Just like in Python there is:

if __name__ == '__main__':
    pass

...in PHP it looks like this:

if (basename($argv[0]) == basename(__FILE__)) {
    main();
}

I'm using this trick with PHPUnit testing:

// Test
if (basename($argv[0]) == basename(__FILE__)) {
    include substr(__FILE__, 0, -4) . 'Test.php';
}

Very, very useful.

Have a fun,
Mirek Rusin, Poland, Rzeszow

1 comment

Simeon Franklin 17 years, 6 months ago  # | flag

debug backtrace works for files served by Apache as well. Checking the basename only works under the CLI version of PHP. Harry Fuecks solicited comments on this issue once and the best solution was to check the results of debug_backtrace(). If this returns an empty array than you aren't in an included file...

I use this feature to include unit tests in library style files that are normally used by include but have some sanity checks in the "if directly executed" section.

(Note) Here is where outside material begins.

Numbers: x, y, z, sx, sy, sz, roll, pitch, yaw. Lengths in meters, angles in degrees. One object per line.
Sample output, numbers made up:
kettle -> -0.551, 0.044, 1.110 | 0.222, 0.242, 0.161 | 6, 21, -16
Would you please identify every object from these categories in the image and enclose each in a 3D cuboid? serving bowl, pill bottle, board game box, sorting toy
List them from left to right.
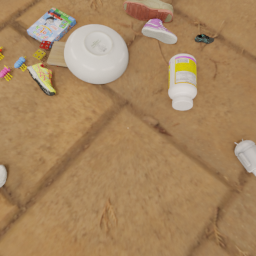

You can test the two methods (and see that debug_backtrace works from both CLI and SAPI interfaces) by running the following code:

<?php
if (basename($argv[0]) == basename(__FILE__)) {
    print('basename check works');
}
if(count(debug_backtrace()) == 0)
{
    print('debug_backtrace works');
}
?>
Created by Mirek Rusin on Thu, 9 Sep 2004 (MIT)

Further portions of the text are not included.